### Directions for this task
What is needed is an exact copy of the data below, pictures excluded.

### Data segment
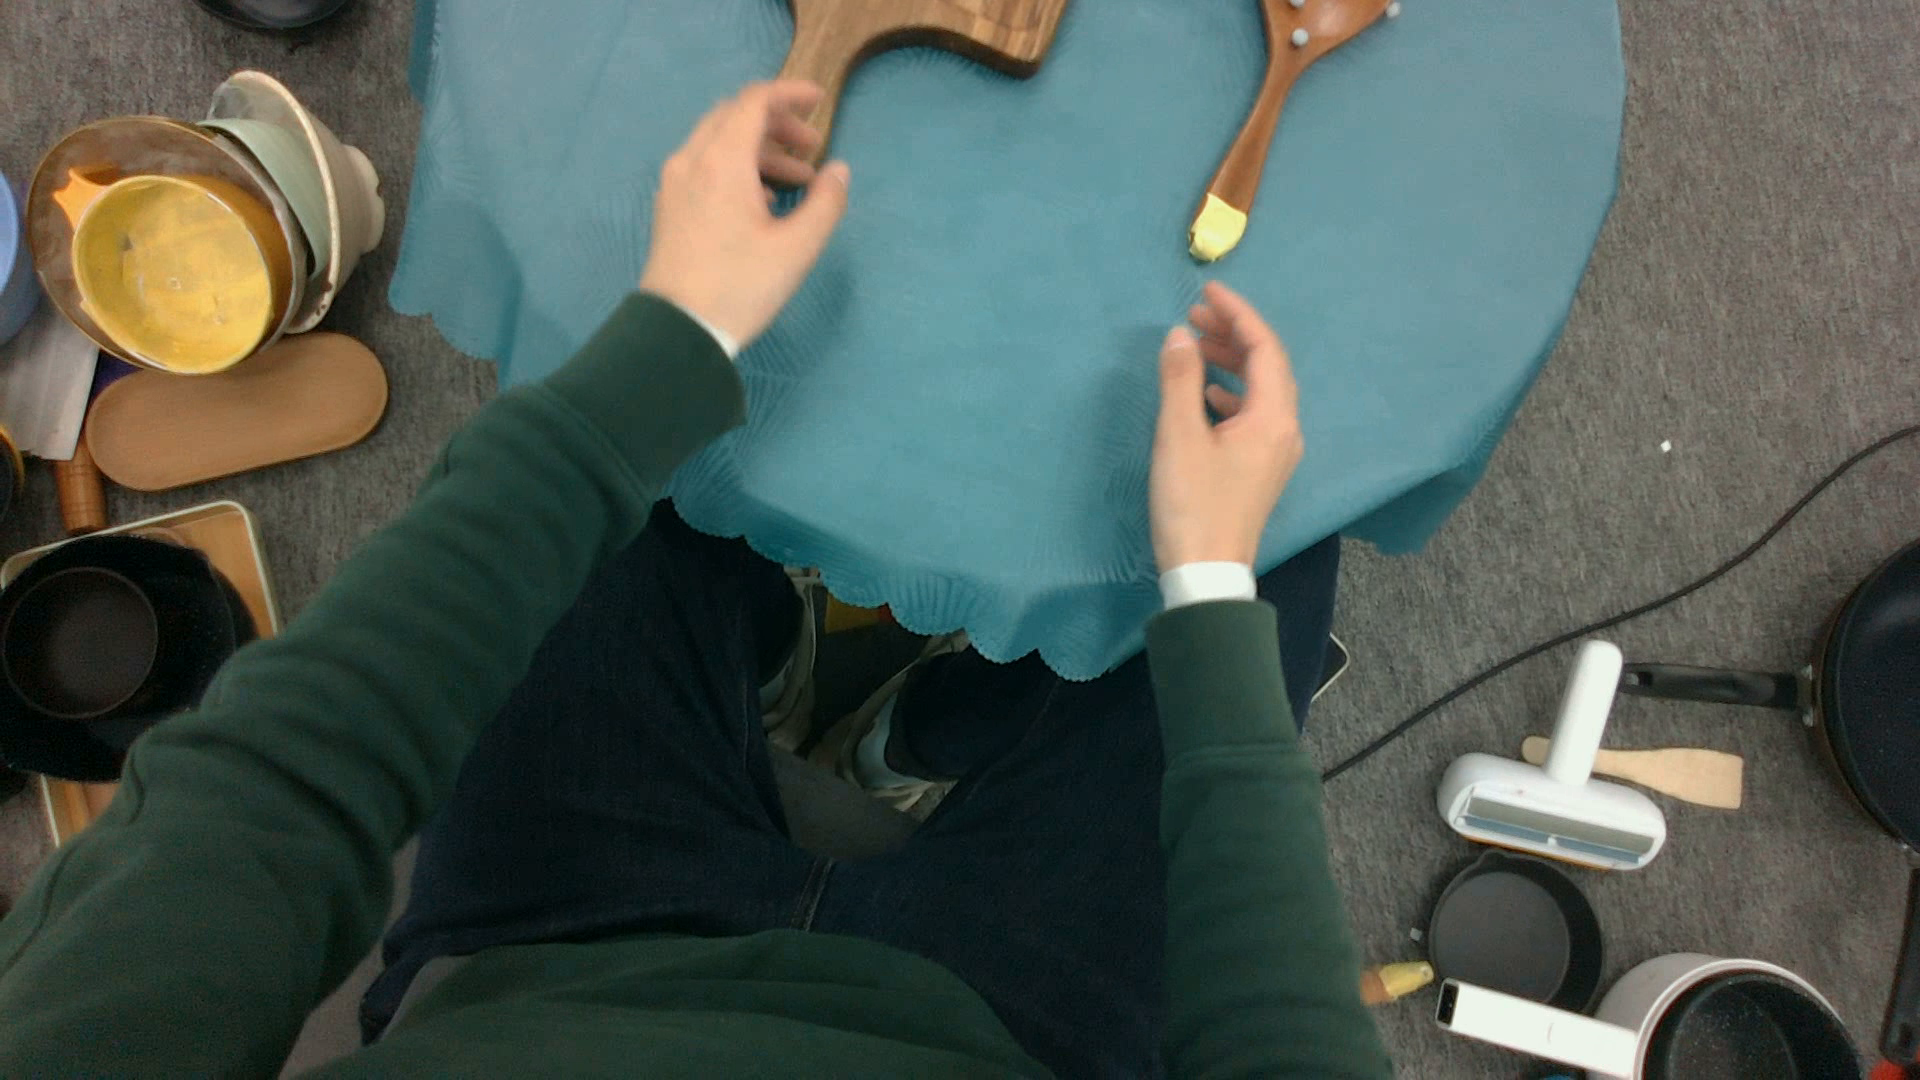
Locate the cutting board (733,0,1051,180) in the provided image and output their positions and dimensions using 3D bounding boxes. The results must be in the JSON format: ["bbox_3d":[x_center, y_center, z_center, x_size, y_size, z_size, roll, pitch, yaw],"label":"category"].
[{"bbox_3d":[-0.035,-0.337,0.678,0.201,0.023,0.353,22,79,-5],"label":"cutting board"}]

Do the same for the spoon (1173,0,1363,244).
[{"bbox_3d":[0.152,-0.243,0.689,0.075,0.017,0.216,24,78,-5],"label":"spoon"}]

### Exercise result
Locate the cutting board (733,0,1051,180) in the provided image and output their positions and dimensions using 3D bounding boxes. The results must be in the JSON format: ["bbox_3d":[x_center, y_center, z_center, x_size, y_size, z_size, roll, pitch, yaw],"label":"category"].
[{"bbox_3d":[-0.035,-0.337,0.678,0.201,0.023,0.353,22,79,-5],"label":"cutting board"}]

Do the same for the spoon (1173,0,1363,244).
[{"bbox_3d":[0.152,-0.243,0.689,0.075,0.017,0.216,24,78,-5],"label":"spoon"}]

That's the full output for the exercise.